» **Records for processing**:

•••

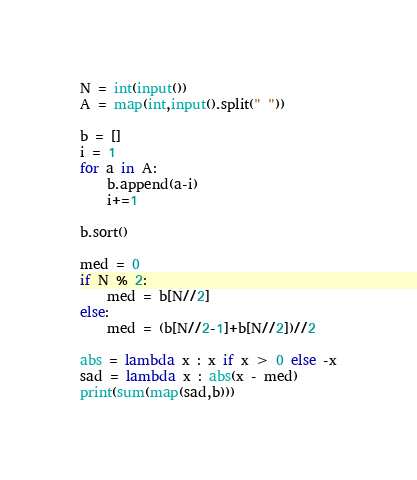Convert code to text. <code><loc_0><loc_0><loc_500><loc_500><_Python_>N = int(input())
A = map(int,input().split(" "))

b = []
i = 1
for a in A:
    b.append(a-i)
    i+=1

b.sort()

med = 0
if N % 2:
    med = b[N//2]
else:
    med = (b[N//2-1]+b[N//2])//2

abs = lambda x : x if x > 0 else -x
sad = lambda x : abs(x - med)
print(sum(map(sad,b)))</code>

•••

Make an exact copy of the data above, pictures excluded.

Convert code to text. <code><loc_0><loc_0><loc_500><loc_500><_Python_>N = int(input())
A = map(int,input().split(" "))

b = []
i = 1
for a in A:
    b.append(a-i)
    i+=1

b.sort()

med = 0
if N % 2:
    med = b[N//2]
else:
    med = (b[N//2-1]+b[N//2])//2

abs = lambda x : x if x > 0 else -x
sad = lambda x : abs(x - med)
print(sum(map(sad,b)))</code>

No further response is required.